Concurrent chemoradiotherapy (CRT) is the standard of care for patients with bulky cervical cancer. This study aimed to determine the feasibility, tolerance, and effectiveness of pulsed dose rate (PDR) image-guided brachytherapy (IGBT), utilizing magnetic resonance imaging (MRI) planning after CRT for stages IB2 and II cervix cancer patients.
This study planned to include patients with histologically confirmed stage IB2 and II cervical cancer who were treated with CRT followed by a PDR IGBT boost from January 2009 to December 2009 in our institution. All patients had at least a partial response after CRT before IGBT. The institutional review board approved the study. Patients received a 45-Gy external beam radiotherapy (EBRT) to the pelvis with concomitant weekly cisplatin (40 mg/m) for 5 cycles. All patients then underwent reimaging using MRI before BT. The IGBT boost was accomplished with one insertion using an MRI-compatible tandem and ovoid applicator delivering 30 to 35 Gy to a high-risk clinical target volume. Treatment-induced adverse events (AEs), dose parameters, local control, progression-free survival, and overall survival are reported.
Forty patients were included in this study, with ages ranging from 31 to 65 years (median age, 45 y). Of all the patients, 12.5% and 5% experienced grade 3 to 4 acute gastrointestinal and genitourinary AEs, respectively, and 2.5% and 2.5% had grade 3 to 4 chronic gastrointestinal and genitourinary AEs, respectively. Within a median follow-up of 30 months (range, 7 to 40 mo), local control was 90%, progression-free survival was 87.5%, and overall survival was 100%.
Intracavitary MRI PDR-IGBT boost after CRT is a feasible, tolerable, and effective treatment modality for patients with stages IB2 and II cervical cancer.
同步放化疗(CRT)是局部晚期宫颈癌患者的标准治疗方案。本研究旨在确定脉冲剂量率(PDR)图像引导近距离放疗(IGBT)的可行性、耐受性和有效性,该放疗是在CRT后利用磁共振成像(MRI)为IB2期和II期宫颈癌患者制定计划。
本研究计划纳入2009年1月至2009年12月在我院接受CRT治疗后再接受PDR IGBT强化治疗的组织学确诊为IB2期和II期宫颈癌患者。所有患者在接受IGBT治疗前,CRT后至少有部分缓解。机构审查委员会批准了该研究。患者接受45 Gy的盆腔外照射放疗(EBRT),同时每周给予顺铂(40 mg/m²),共5个周期。

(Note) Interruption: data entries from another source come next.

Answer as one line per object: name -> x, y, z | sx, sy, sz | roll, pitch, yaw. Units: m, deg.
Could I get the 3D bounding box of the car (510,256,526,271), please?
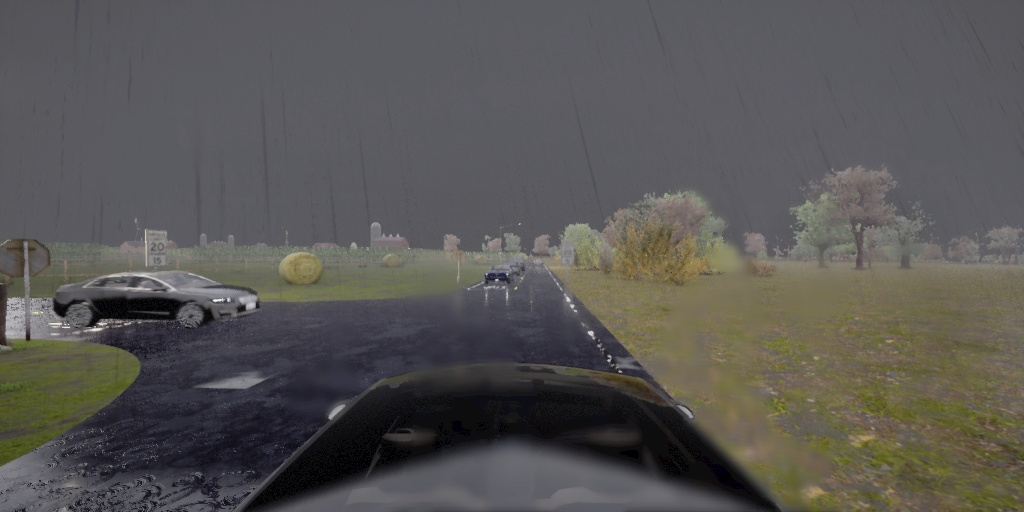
car -> 0.626, 0.982, 47.411 | 2.150, 2.045, 5.566 | 0, 0, 4

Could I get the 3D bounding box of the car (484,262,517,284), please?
car -> -0.884, 1.349, 26.971 | 1.895, 1.301, 4.718 | 0, 0, 4

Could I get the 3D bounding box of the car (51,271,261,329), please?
car -> -10.095, 1.187, 10.421 | 4.902, 1.511, 2.128 | 0, 1, -1

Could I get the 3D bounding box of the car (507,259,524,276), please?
car -> -0.152, 1.316, 36.906 | 1.994, 1.385, 4.181 | 0, 0, 4
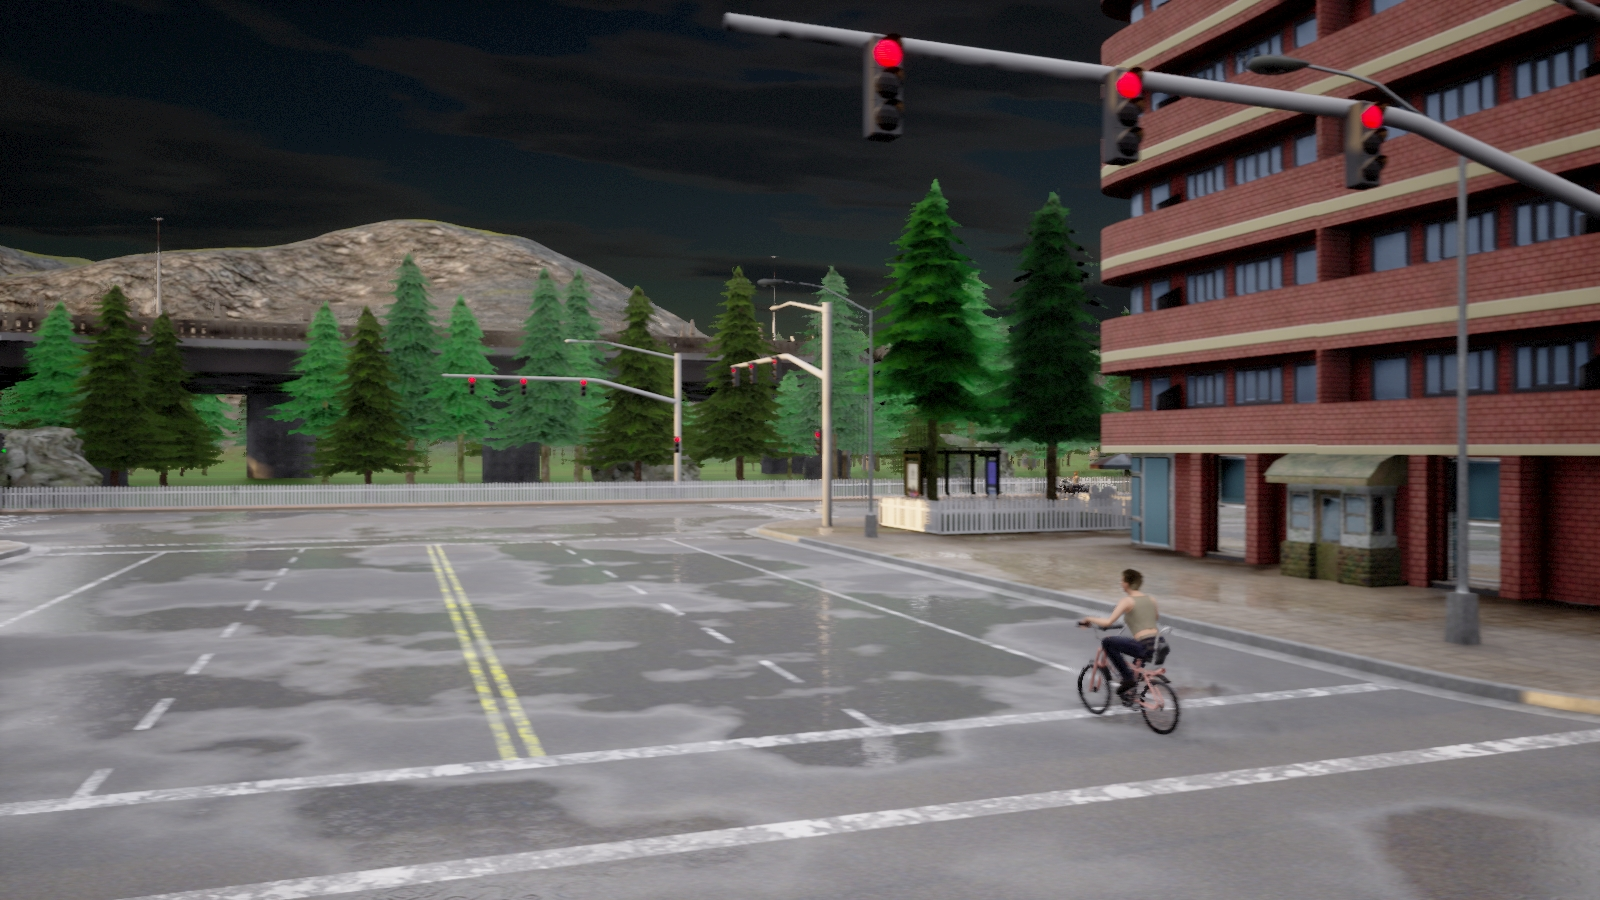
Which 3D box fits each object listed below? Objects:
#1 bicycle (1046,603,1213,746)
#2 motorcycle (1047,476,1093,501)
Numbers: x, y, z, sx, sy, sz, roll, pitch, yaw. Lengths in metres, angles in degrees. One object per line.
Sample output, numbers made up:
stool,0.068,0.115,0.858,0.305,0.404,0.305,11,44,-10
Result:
bicycle,3.316,2.232,11.627,0.859,1.126,1.487,0,0,-26
motorcycle,14.707,2.097,62.197,2.356,1.307,0.764,0,0,-17
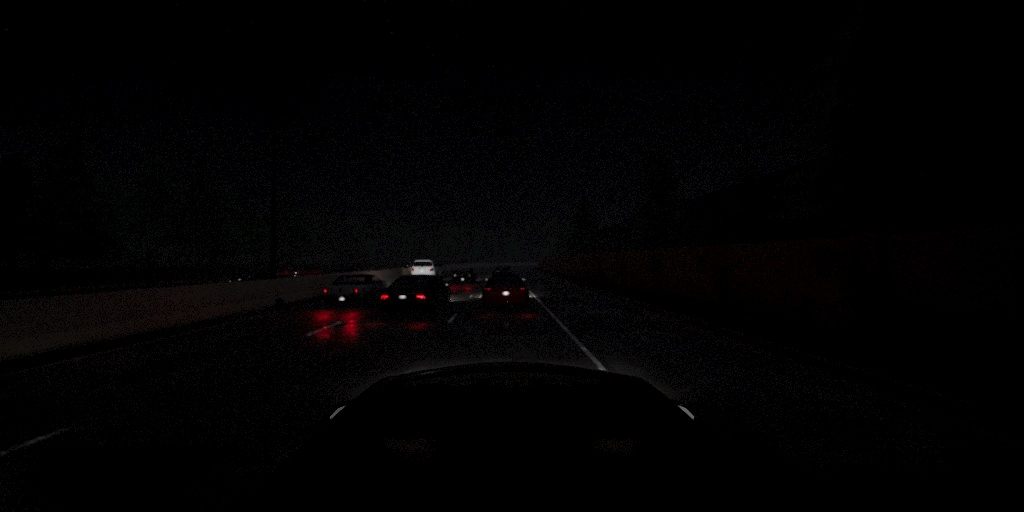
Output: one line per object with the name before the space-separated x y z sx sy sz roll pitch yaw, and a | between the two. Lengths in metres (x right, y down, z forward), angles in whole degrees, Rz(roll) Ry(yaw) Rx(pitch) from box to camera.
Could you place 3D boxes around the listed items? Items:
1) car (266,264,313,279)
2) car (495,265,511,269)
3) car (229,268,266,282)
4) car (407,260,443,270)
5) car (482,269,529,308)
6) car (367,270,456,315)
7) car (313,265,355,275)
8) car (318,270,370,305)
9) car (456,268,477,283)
car | -18.444 1.508 30.963 2.097 1.767 4.553 0 -1 -2
car | -0.851 1.625 34.624 2.128 1.511 4.902 0 -1 -2
car | -21.938 1.730 30.765 1.994 1.385 4.181 0 -1 -2
car | -7.819 1.367 33.469 2.150 2.045 5.566 0 -1 -2
car | -0.304 1.483 16.264 1.994 1.385 4.181 0 -1 -2
car | -3.753 1.459 14.539 2.033 1.411 5.357 0 -1 -2
car | -14.950 1.651 31.227 1.837 1.490 4.892 0 -1 -2
car | -7.342 1.561 17.536 1.895 1.301 4.718 0 -1 -2
car | -4.300 1.727 32.912 1.895 1.301 4.718 0 -1 -2
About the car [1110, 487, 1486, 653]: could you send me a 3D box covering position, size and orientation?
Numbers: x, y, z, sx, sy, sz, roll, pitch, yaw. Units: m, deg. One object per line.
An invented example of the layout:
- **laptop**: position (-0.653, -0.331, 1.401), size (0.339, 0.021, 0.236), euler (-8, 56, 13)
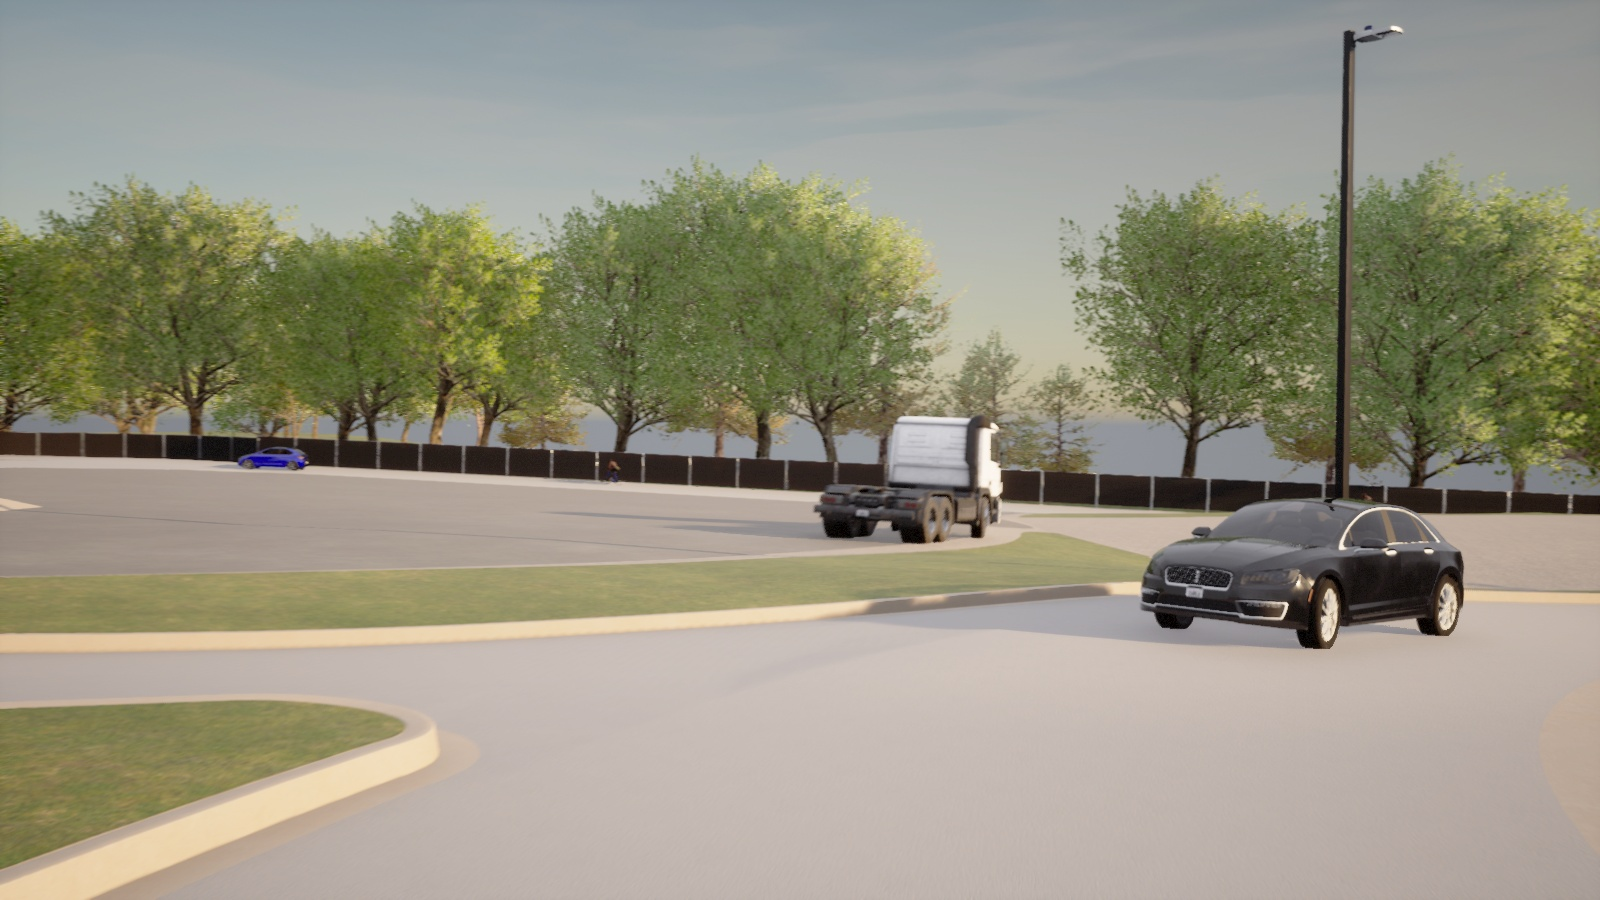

所有患者在近距离放疗前均使用MRI进行重新成像。IGBT强化治疗通过一次插入使用与MRI兼容的串联和卵圆形施源器完成,向高危临床靶体积给予30至35 Gy的剂量。报告了治疗引起的不良事件(AE)、剂量参数、局部控制、无进展生存期和总生存期。
本研究纳入了40例患者,年龄在31至65岁之间(中位年龄45岁)。在所有患者中,分别有12.5%和5%经历了3至4级急性胃肠道和泌尿生殖系统AE,分别有2.5%和2.5%出现了3至4级慢性胃肠道和泌尿生殖系统AE。在中位随访30个月(范围7至40个月)内,局部控制率为90%,无进展生存率为87.5%,总生存率为100%。
CRT后腔内MRI PDR-IGBT强化治疗对于IB2期和II期宫颈癌患者是一种可行、可耐受且有效的治疗方式。